%%
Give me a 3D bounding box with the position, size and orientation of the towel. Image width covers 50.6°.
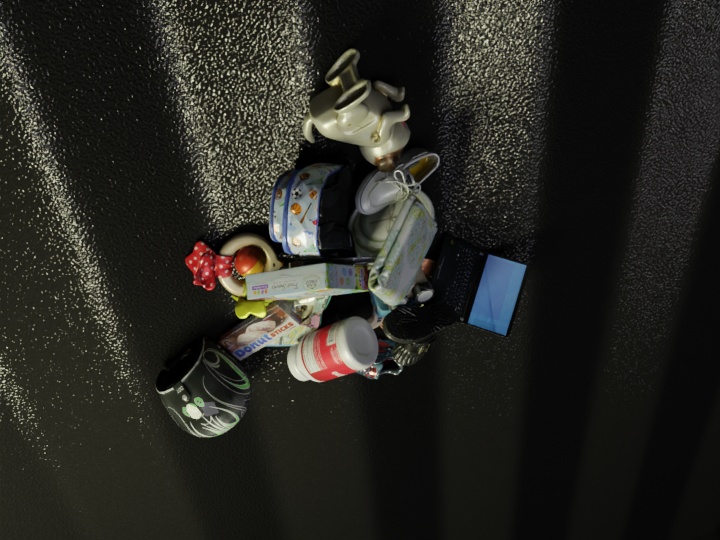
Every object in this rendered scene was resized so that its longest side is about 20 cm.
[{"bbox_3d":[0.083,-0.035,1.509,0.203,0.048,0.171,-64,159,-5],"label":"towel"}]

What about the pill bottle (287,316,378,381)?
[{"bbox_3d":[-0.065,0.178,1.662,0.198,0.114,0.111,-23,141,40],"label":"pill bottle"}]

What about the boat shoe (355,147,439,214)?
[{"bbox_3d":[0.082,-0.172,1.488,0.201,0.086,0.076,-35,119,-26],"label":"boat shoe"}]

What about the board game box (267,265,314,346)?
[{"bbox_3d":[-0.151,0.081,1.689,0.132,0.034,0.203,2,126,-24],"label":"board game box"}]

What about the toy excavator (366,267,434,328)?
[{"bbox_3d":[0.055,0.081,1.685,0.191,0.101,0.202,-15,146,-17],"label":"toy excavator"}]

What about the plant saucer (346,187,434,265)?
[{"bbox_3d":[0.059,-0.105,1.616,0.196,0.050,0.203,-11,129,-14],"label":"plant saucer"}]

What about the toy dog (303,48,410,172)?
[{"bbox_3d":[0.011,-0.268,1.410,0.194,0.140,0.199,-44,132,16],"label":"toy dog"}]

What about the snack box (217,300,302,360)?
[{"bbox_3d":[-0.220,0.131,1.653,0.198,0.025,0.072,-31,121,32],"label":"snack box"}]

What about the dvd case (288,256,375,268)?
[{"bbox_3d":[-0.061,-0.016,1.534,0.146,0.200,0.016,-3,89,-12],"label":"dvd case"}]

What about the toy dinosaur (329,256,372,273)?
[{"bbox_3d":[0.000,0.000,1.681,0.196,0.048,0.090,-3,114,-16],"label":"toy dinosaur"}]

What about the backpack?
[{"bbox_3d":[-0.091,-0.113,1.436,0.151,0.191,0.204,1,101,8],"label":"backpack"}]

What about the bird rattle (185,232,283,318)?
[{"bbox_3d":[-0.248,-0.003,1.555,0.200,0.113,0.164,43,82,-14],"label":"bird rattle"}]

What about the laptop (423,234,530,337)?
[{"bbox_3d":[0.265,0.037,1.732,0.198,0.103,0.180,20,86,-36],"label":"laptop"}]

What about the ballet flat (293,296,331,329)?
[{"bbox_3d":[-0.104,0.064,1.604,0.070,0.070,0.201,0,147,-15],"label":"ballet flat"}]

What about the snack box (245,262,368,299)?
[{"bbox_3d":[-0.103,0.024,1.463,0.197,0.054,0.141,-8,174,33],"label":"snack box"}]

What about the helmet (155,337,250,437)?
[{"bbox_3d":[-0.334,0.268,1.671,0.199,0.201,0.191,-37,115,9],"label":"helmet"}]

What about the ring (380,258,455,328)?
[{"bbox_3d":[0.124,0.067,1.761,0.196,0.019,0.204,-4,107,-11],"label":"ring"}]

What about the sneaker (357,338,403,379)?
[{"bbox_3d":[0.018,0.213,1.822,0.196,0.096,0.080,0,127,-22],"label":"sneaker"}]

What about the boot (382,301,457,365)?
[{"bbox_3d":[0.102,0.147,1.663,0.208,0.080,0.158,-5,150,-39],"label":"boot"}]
%%
%%
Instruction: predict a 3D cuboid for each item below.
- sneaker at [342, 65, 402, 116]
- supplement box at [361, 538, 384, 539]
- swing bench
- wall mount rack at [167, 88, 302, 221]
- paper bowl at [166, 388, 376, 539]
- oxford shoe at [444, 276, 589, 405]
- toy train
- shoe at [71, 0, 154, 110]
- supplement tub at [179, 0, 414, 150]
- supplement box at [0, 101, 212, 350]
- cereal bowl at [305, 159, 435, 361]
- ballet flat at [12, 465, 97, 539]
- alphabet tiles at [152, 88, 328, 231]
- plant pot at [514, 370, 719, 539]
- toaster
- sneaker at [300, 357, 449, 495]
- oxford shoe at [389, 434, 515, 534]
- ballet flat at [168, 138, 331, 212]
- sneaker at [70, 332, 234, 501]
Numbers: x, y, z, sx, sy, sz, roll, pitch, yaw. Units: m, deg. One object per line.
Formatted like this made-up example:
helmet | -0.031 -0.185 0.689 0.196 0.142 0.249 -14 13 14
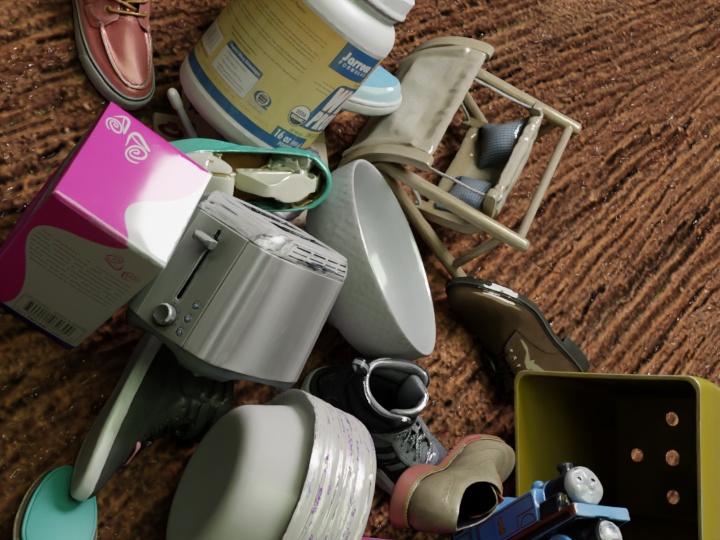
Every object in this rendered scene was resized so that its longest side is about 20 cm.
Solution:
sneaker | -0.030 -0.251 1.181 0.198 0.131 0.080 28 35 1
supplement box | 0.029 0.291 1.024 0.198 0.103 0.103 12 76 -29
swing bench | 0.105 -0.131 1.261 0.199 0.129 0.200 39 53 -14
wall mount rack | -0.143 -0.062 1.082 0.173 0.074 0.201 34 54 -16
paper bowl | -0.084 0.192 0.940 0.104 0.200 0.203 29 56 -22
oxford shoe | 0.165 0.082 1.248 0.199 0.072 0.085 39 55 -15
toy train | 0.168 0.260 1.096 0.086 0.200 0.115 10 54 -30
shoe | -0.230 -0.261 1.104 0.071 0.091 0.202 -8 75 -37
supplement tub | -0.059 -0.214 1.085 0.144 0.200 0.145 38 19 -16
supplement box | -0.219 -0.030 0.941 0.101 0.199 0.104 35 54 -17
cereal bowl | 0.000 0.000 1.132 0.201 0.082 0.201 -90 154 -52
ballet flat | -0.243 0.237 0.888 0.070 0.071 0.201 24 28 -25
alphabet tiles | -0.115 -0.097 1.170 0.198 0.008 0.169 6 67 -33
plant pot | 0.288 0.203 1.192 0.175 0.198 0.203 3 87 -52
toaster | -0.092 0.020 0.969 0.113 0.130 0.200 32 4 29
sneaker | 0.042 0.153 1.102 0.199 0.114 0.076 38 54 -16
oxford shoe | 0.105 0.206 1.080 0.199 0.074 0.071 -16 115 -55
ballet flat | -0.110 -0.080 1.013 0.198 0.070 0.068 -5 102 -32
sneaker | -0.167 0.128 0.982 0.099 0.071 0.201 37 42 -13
%%
%%
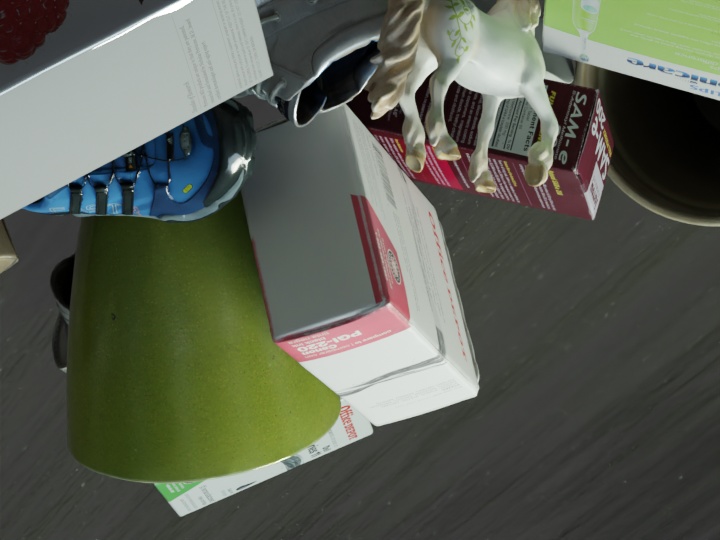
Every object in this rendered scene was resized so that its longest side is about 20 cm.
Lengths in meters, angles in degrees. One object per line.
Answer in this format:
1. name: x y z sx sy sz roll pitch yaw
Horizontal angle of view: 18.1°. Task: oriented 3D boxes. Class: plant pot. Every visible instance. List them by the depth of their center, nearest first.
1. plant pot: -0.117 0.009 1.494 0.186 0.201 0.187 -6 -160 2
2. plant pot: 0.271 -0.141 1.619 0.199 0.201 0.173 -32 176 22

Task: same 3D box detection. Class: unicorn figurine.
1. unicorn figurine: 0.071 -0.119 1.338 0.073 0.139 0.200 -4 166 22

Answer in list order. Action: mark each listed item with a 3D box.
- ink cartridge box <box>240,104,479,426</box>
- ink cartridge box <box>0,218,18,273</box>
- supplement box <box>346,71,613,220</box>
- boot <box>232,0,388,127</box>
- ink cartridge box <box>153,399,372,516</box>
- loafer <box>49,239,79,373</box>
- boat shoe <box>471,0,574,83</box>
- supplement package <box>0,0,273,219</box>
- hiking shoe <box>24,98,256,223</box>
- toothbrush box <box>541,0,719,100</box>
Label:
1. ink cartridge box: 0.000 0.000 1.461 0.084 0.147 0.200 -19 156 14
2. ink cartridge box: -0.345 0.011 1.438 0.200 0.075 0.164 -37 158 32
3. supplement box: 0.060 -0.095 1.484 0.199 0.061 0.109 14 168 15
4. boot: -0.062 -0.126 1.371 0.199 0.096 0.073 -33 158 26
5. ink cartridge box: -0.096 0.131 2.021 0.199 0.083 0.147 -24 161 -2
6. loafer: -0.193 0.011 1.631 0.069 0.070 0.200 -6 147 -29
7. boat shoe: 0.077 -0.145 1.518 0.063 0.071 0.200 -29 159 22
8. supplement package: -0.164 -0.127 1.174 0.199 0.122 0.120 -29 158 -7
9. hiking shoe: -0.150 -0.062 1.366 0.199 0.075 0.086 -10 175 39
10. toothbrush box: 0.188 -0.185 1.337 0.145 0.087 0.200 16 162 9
%%
- **PROBLEM REQUIREMENTS**
Which of the lines above mention the word "item"? Pull those lines out.

- **SOLUTION TO THIS TASK**
Instruction: predict a 3D cuboid for each item below.
Answer in list order. Action: mark each listed item with a 3D box.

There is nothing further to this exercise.